====== THE INPUT ======
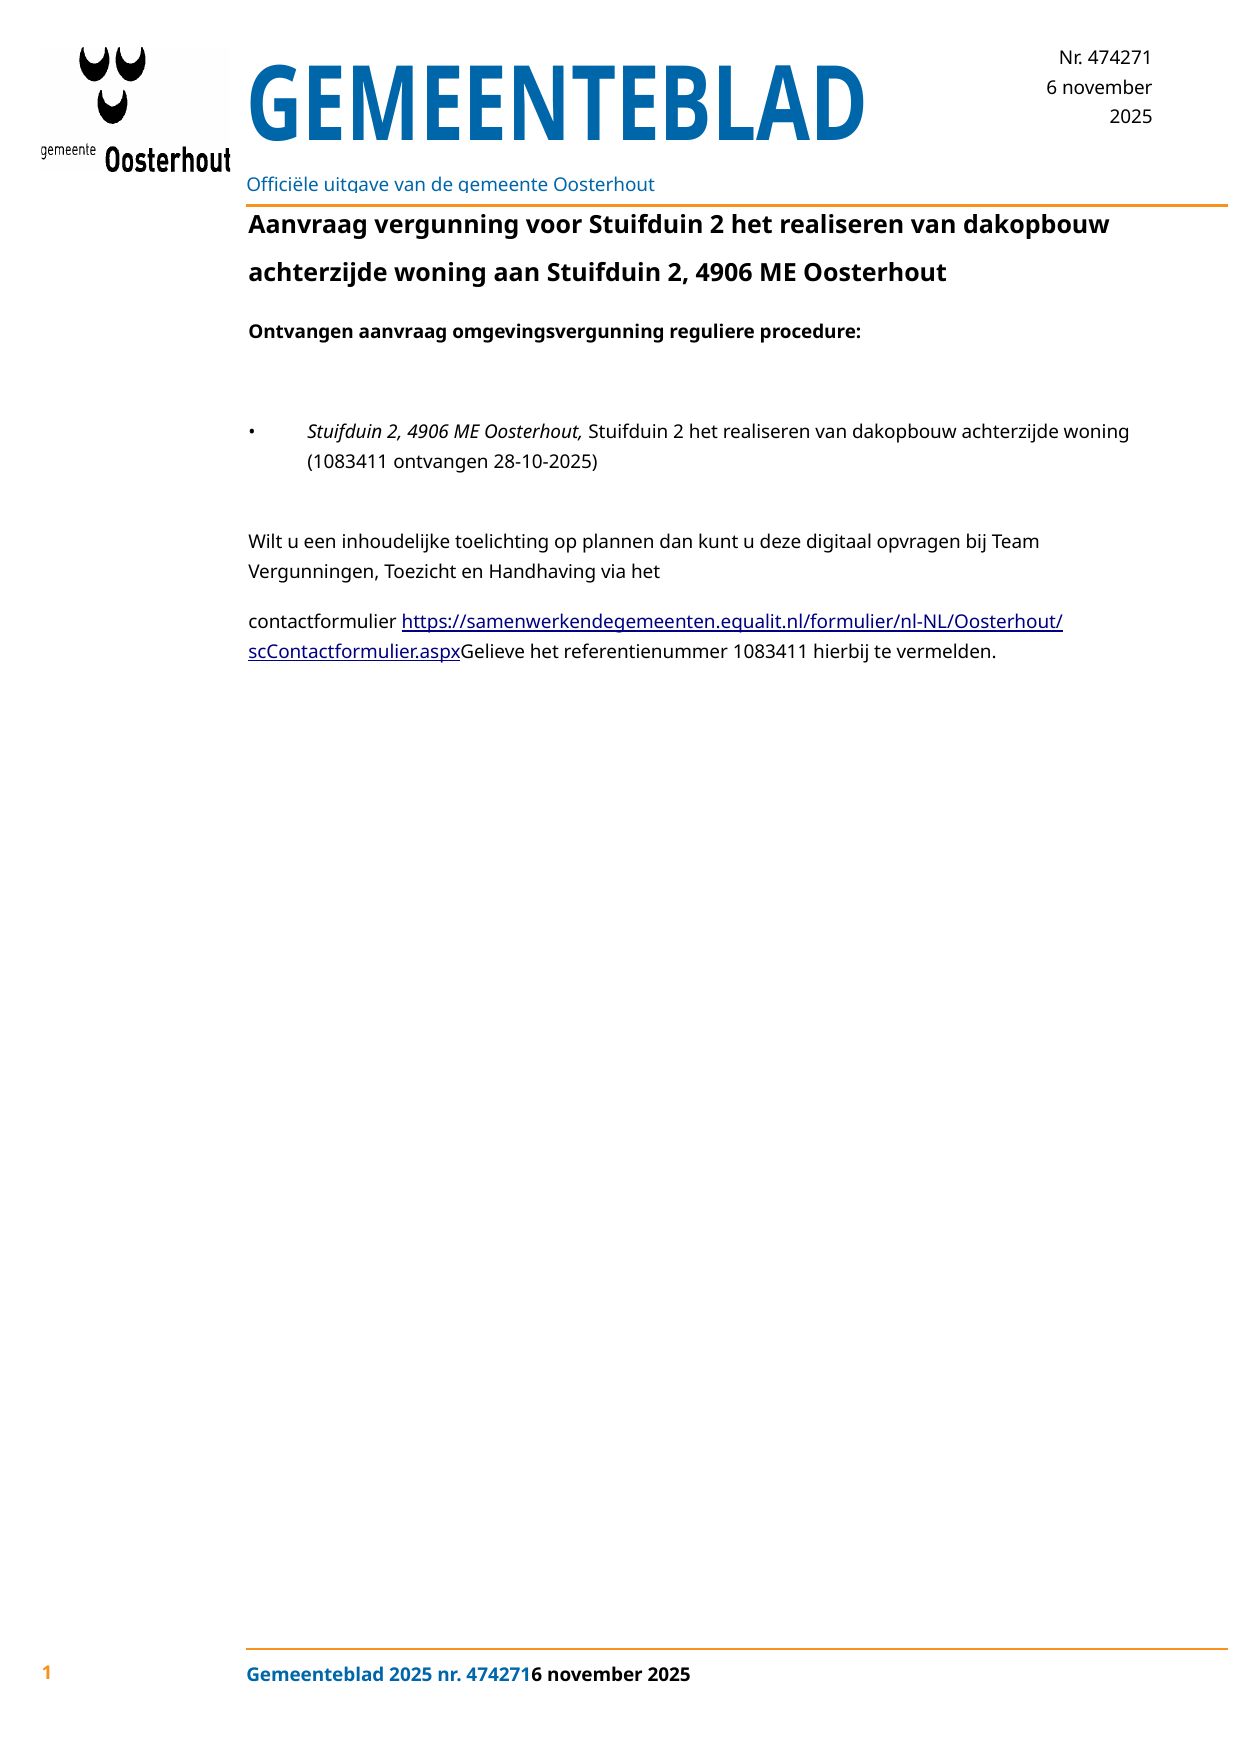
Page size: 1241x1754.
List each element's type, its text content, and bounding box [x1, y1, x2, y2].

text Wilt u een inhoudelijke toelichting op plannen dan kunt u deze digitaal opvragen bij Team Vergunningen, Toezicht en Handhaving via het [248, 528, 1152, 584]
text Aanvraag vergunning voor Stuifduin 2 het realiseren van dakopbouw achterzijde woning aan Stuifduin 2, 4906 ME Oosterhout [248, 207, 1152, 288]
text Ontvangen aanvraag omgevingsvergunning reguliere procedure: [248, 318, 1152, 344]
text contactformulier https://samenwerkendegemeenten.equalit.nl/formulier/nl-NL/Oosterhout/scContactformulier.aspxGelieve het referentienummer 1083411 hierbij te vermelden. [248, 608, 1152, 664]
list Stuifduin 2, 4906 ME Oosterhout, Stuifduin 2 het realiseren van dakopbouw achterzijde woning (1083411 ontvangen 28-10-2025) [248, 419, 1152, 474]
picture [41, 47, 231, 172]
======
### [WHAT TO PRODUCE]
Leave out the pictures and repeat exactly the lines from the first line of the data through the line containing "text Ontvangen aanvraag". Add nothing else.

### [TASK RESPONSE]
Page size: 1241x1754.
List each element's type, its text content, and bounding box [x1, y1, x2, y2].

text Wilt u een inhoudelijke toelichting op plannen dan kunt u deze digitaal opvragen bij Team Vergunningen, Toezicht en Handhaving via het [248, 528, 1152, 584]
text Aanvraag vergunning voor Stuifduin 2 het realiseren van dakopbouw achterzijde woning aan Stuifduin 2, 4906 ME Oosterhout [248, 207, 1152, 288]
text Ontvangen aanvraag omgevingsvergunning reguliere procedure: [248, 318, 1152, 344]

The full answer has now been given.